Exercise instructions: Go through the data below and return each line containing the word "ResourceDetector".

(Stored data entries)
◇ ◇ ◇ ◇ ◇ ◇ ◇

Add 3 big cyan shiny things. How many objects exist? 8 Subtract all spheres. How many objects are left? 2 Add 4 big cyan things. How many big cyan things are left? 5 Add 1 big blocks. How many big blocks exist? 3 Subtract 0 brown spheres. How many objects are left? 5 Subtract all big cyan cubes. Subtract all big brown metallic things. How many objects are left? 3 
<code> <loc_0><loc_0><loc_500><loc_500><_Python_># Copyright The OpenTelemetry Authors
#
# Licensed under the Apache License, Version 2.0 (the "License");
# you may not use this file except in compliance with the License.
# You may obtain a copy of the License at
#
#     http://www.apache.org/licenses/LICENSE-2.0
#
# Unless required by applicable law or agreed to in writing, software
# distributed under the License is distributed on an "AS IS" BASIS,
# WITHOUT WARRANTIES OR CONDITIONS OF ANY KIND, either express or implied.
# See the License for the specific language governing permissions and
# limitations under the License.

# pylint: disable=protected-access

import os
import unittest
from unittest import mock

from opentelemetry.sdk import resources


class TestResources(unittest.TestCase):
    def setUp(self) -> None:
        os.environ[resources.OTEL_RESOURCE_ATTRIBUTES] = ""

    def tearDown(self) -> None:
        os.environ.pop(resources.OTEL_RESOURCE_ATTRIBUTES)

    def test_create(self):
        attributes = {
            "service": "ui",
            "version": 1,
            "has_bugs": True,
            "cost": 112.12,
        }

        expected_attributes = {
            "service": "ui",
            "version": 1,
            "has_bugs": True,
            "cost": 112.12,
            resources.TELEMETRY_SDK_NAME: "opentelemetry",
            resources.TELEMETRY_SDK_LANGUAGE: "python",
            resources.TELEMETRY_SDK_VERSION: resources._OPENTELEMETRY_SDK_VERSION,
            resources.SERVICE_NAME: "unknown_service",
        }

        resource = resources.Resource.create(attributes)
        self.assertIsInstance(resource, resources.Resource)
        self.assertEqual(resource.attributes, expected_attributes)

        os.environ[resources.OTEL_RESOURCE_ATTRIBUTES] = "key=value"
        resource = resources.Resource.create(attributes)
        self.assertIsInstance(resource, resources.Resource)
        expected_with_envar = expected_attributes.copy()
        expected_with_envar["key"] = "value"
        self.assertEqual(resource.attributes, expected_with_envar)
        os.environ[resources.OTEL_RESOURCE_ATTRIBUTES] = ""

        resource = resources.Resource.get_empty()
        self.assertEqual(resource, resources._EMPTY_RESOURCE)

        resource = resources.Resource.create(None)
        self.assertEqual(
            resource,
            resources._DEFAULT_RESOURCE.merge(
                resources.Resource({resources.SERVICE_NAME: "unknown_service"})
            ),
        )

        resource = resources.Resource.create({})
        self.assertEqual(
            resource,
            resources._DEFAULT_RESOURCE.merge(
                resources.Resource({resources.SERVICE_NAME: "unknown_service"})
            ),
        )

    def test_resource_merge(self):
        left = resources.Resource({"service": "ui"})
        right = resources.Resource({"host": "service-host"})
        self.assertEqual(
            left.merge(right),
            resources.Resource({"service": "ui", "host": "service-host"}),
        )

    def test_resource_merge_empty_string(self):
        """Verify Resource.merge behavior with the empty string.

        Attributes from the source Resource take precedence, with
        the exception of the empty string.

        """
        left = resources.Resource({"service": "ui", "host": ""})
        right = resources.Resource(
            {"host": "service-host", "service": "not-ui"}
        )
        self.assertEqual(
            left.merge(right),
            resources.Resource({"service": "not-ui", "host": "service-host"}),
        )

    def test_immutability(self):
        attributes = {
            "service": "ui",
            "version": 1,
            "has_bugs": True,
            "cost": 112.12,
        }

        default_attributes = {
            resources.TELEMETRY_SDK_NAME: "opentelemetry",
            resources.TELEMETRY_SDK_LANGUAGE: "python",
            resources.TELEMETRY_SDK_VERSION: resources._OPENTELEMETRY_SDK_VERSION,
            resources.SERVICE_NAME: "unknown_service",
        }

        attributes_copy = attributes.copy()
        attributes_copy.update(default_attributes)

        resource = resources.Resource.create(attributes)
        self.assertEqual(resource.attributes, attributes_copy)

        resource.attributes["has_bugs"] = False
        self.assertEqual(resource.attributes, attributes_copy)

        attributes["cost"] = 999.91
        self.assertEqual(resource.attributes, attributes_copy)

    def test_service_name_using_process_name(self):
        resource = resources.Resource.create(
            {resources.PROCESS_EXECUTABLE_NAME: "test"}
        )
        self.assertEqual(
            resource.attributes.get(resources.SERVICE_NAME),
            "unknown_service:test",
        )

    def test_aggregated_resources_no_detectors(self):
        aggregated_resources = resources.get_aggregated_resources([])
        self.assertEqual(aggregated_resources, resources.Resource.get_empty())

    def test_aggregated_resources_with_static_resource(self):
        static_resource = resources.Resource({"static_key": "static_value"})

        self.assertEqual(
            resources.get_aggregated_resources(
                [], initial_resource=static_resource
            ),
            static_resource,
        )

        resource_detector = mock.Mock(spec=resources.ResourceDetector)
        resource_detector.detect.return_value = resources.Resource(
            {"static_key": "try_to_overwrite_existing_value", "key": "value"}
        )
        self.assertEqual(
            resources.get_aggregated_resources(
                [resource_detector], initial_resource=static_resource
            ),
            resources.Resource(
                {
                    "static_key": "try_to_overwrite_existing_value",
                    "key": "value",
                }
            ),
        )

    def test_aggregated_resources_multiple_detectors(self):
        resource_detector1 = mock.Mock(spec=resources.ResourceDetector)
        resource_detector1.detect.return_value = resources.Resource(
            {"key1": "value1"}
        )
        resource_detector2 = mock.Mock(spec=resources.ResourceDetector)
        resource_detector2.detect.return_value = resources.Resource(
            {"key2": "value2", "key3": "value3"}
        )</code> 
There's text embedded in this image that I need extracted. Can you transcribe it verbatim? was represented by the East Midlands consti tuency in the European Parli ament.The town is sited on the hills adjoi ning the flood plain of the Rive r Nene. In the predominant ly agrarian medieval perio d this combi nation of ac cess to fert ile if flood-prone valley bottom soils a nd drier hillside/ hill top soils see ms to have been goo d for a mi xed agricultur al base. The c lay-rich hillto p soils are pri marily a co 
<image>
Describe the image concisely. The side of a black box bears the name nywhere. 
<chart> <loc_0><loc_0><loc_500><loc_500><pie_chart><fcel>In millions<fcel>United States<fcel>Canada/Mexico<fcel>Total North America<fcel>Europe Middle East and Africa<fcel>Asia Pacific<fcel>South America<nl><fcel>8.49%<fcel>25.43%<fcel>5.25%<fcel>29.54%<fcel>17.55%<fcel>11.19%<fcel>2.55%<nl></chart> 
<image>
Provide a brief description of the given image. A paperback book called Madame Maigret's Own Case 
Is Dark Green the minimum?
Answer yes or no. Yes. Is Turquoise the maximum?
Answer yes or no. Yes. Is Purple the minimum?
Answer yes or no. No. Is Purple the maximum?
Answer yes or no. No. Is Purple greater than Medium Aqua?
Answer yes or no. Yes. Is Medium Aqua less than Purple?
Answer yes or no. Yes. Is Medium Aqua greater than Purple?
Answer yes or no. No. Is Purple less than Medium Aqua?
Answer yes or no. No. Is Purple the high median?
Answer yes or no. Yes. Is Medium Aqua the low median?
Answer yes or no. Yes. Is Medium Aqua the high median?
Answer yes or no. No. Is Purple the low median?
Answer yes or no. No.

◇ ◇ ◇ ◇ ◇ ◇ ◇

Result of this task:
        resource_detector = mock.Mock(spec=resources.ResourceDetector)
        resource_detector1 = mock.Mock(spec=resources.ResourceDetector)
        resource_detector2 = mock.Mock(spec=resources.ResourceDetector)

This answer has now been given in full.